Exercise aim: Please repeat the lines below, exactly and only, from the one that holds "2) power plug <box>289,240,332,261</box>" through the one that holds "5) power socket <box>305,227,349,326</box>".

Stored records
===============
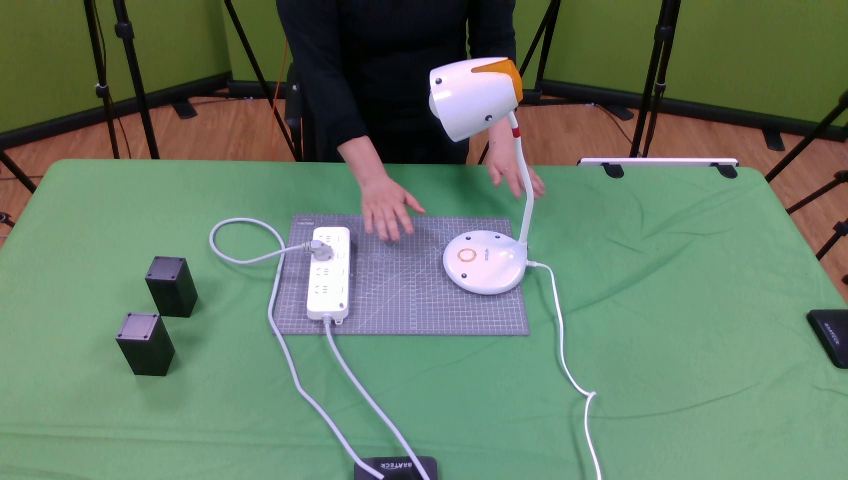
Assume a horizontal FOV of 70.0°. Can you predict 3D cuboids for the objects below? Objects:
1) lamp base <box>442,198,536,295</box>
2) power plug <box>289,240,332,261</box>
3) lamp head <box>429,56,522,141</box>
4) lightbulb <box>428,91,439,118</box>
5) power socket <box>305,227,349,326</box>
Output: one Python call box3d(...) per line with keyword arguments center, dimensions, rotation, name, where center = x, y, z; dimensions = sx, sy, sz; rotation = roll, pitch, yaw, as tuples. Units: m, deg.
box3d(center=(0.131, -0.013, 1.106), dimensions=(0.179, 0.181, 0.159), rotation=(0, 46, -8), name="lamp base")
box3d(center=(-0.208, 0.022, 1.123), dimensions=(0.072, 0.053, 0.035), rotation=(5, 44, 5), name="power plug")
box3d(center=(0.082, -0.212, 0.882), dimensions=(0.123, 0.113, 0.111), rotation=(-13, 44, 14), name="lamp head")
box3d(center=(0.057, -0.213, 0.888), dimensions=(0.107, 0.060, 0.059), rotation=(-12, 40, 24), name="lightbulb")
box3d(center=(-0.177, 0.058, 1.116), dimensions=(0.072, 0.033, 0.225), rotation=(-1, 46, -4), name="power socket")
===============
Expected answer:
2) power plug <box>289,240,332,261</box>
3) lamp head <box>429,56,522,141</box>
4) lightbulb <box>428,91,439,118</box>
5) power socket <box>305,227,349,326</box>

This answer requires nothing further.